Espero. O barco preso à margem e, sob os meus olhos, a água passa, como por mim passam os anos. Antes - ah, como era ingénuo - dizia que tudo dependia da minha iniciativa. Não me faltava iniciativa, mas ela trouxe-me aqui. De pé, sobre o velho barco, sem exigir nada do mundo ou do rio. Eu sei que nascemos predadores, mas também nascemos ignorantes. O peixe virá se tiver de vir. Se vier é porque me pertence. Se não, é porque as águas ainda o reclamam como seu. Julgava que tudo dependia da conquista, hoje descobri que mesmo o conquistado é uma dádiva. A água passa e eu espero.

quarta-feira, 25 de janeiro de 2017

Haikai do Viandante (314)

Ovidio Murguía de Castro - Árboles en invierno

os dias de inverno
despem de folhas as árvores
sombra e escuridão

terça-feira, 24 de janeiro de 2017

O começo

Max Beckmann - Begining (1949)

O começo de algo ou de alguém nunca deixa de exercer sobre os homens um certo fascínio. Esse fascínio vem menos da novidade do que da possibilidade. Em cada começo há um mundo possível que permanece velado e misterioso. Que possibilidades se abrem ali? Como vai o espírito libertar-se do véu que o cobre? Terá forças para isso ou sucumbirá perante o peso da tarefa. Há começos gloriosos que conduzem a grandes derrocadas. Há também começos obscuros que, silenciosamente, se erguem à glória. Todo o começo, apesar de já conter em si tudo o que há-de vir, é incerto. O tempo se encarregará de transformar a incerteza na mais definitiva e irremediável das certezas.
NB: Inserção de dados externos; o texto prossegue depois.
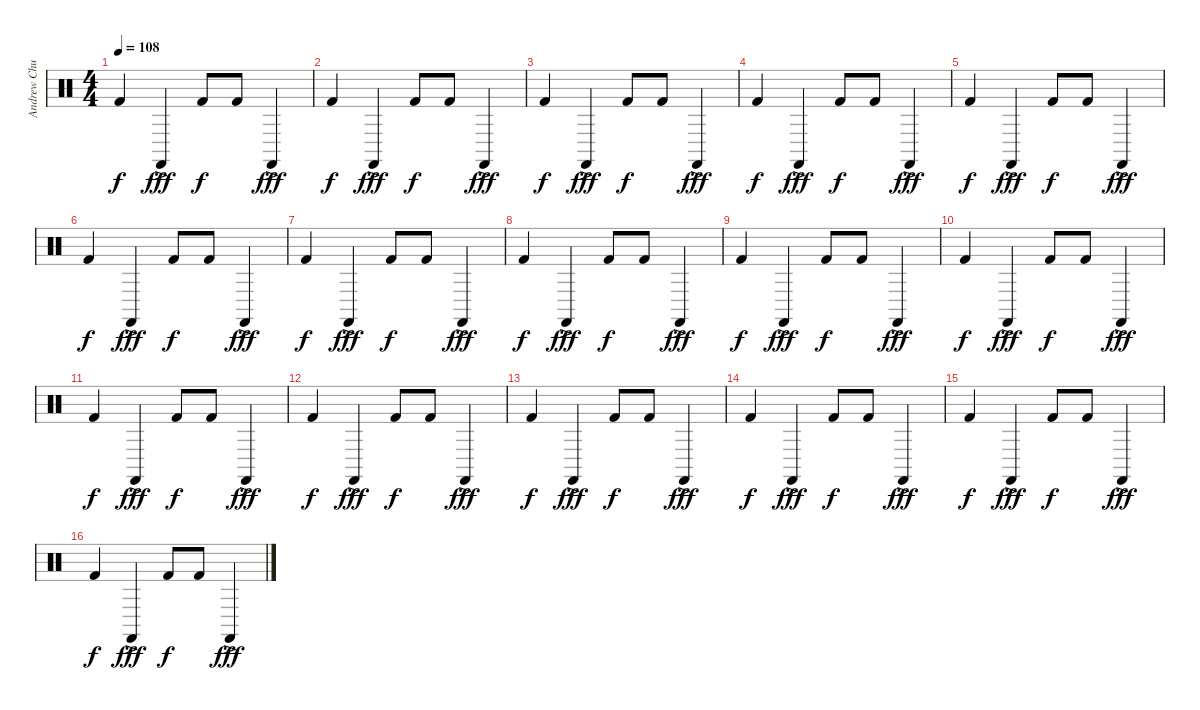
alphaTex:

segunda-feira, 23 de janeiro de 2017

Poemas do Viandante (606)

Cruzeiro Seixas - Homem com pássaro (1958)

606. um pássaro poisa

um pássaro poisa
na cabeça 
curva
do homem
um ramo de giestas
tão vivas
tão cantantes
no silêncio ofegante
do odor vernáculo
da madrugada

(06/12/2016)

domingo, 22 de janeiro de 2017

Meditação breve - 5. Escrita

John Yardley - Choosing a book

A proliferação de livros de todo o género numa cultura como a ocidental é uma tentativa desesperada para colmatar o facto das duas personagens fundamentais e fundadoras dessa cultura, Sócrates e Cristo, não terem escrito uma linha. Tudo o que se escreve no Ocidente não passa de uma hermenêutica dessas ausências originais. E numa cultura cujos fundadores nada escreveram tudo pode ser dito e escrito.

sábado, 21 de janeiro de 2017

Meditação breve - 4. Niilismo

Jesús de Perceval - Hasta que se aniquile (1965)

O que é o niilismo? A desvalorização de todos os valores? Não, propriamente. O niilismo é a consumação da tendência para o nada que habita tudo aquilo que existe. O niilismo é a retirada do espírito de um modo de vida que, um dia, pareceu eterno e que o tempo, essa máscara vulgar da eternidade, revelou na sua verdade, isto é, no nada que era.

sexta-feira, 20 de janeiro de 2017

Fim do mundo

José Gutiérrez Solana - El fin del mundo (1932)

Uma das categorias centrais da vida espiritual é a de fim do mundo. Não se trata, porém, de um reconhecimento de que o mundo terá um fim, mas da própria finitude dos mundos humanos. Cada mundo humano é o produto da vida espiritual, de uma certa compreensão que o espírito tem de si mesmo. Esse mundo terá a sua forma de vida, as suas instituições, os seus costumes e a sua forma de pensar. O apocalipse que revela o fim do mundo significa que a vida espiritual já não se reconhece nesse mundo de vida e em tudo onde ela tomou forma. O espírito prepara-se então para morrer, para renascer num outro mundo, com novas instituições, modos de vida, formas de pensar e de se realizar. A categoria do fim do mundo torna patente a natureza metamórfica da vida espiritual, cristalizando-se nessa categoria o momento libertador de uma forma caduca, a morte desta, e um novo nascimento no espaço e no tempo.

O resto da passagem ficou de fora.